Thus, I was heartened on this trip to learn that the notion of me attending Oxford was far more doomed than my mom or I had even imagined. The undergraduate program is mainly built around the school system in England. If you’re a high school student and want to go to Oxford, you apply before you even take any general college entrance exams. The university then checks in with your current school, whose staff predicts how well you’ll do on the exams. If their prediction is lofty enough, Oxford has you in for an interview. If that goes well, you’re in, unless you end up botching the entrance exam. It’s a weird system, and its validity has been debated for decades.

As we drove through the town, I saw something remarkable out the window of the coach: a vintage Ford Country Squire parked in front of a very fancy hotel.

I really want to know what this car was doing there. What is it even doing in this country, when the government will pay you £2,000 (over $3,000) to trash a ten-year-old Toyota? And how did the guy get such a sweet parking spot, right out front? Fortunately, I’m of the generation that is resigned to the fact that Google cannot answer all our questions, that I’m not just a few keystrokes away from the solution to this strange riddle. I will just ponder the matter in vain, probably indefinitely.

Speaking of strange, and getting back to my original thread (you in the back there, wake up your neighbor), Oxford seems like an odd school in general. It was established in the 12th century as a way to educate devout Catholics. They learned Latin and Greek (to better understand ancient scripture) and then French, because the French duke William the Conqueror (also called, I kid you not, William the Bastard) became king and required all laws to be written in French. It was a very Catholic place until Henry VIII created the Church of England, at which point the University changed literally overnight into an Anglican institution.
Now, you’d think these presumably pious young men would behave themselves, but the University had all kinds of problems with its students raising hell in the town and being generally drunk and disorderly. Thus, Oxford created all these smaller colleges (today there are around forty) so that their tutors could keep an eye on them. Originally these were just living arrangements, with the tutor onsite like a den mother, but then they started teaching classes there as well, and now a student’s individual college is where he spends most of his time, though the year-end exams are given by the University.

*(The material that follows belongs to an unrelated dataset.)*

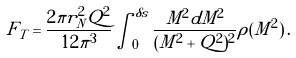<formula> <loc_0><loc_0><loc_500><loc_500>F _ { T } = \frac { 2 \pi r _ { N } ^ { 2 } Q ^ { 2 } } { 1 2 \pi ^ { 3 } } \int _ { 0 } ^ { \delta s } \frac { M ^ { 2 } d M ^ { 2 } } { ( M ^ { 2 } + Q ^ { 2 } ) ^ { 2 } } \rho ( M ^ { 2 } ) \, .</formula>

Okay, enough blathering on. Here are some photos. This first one shows the Sheldonian Theatre, where they have the ceremonies in which students matriculate (i.e., are formally admitted to the university—to me, this is one of those stalagmite/stalactite words and I had to look it up) and graduate. It’s also used as a theater and for lectures and certain conferences. Also in the picture is our tour guide, Richard, whose red hat is pretty much the only thing that prevented my family, several times, from losing contact with the group.

This next photo is the Radcliffe Camera, which is a building, not a camera. (The word “camera,” as I’m sure any Oxford student could tell you, is from a Latin word for “room” or “chamber.”) Oxford students call this the “Rad Cam” for short, as if this makes them cool or something—as if they’re not complete eggheads. At UC Santa Barbara, there was a park that we all called Dog Shit Park, because it was. Nobody even knew the real name. That, my Oxford friends, is cool. Now, get back to your studies and stop wasting your time on this highly non-educational blog.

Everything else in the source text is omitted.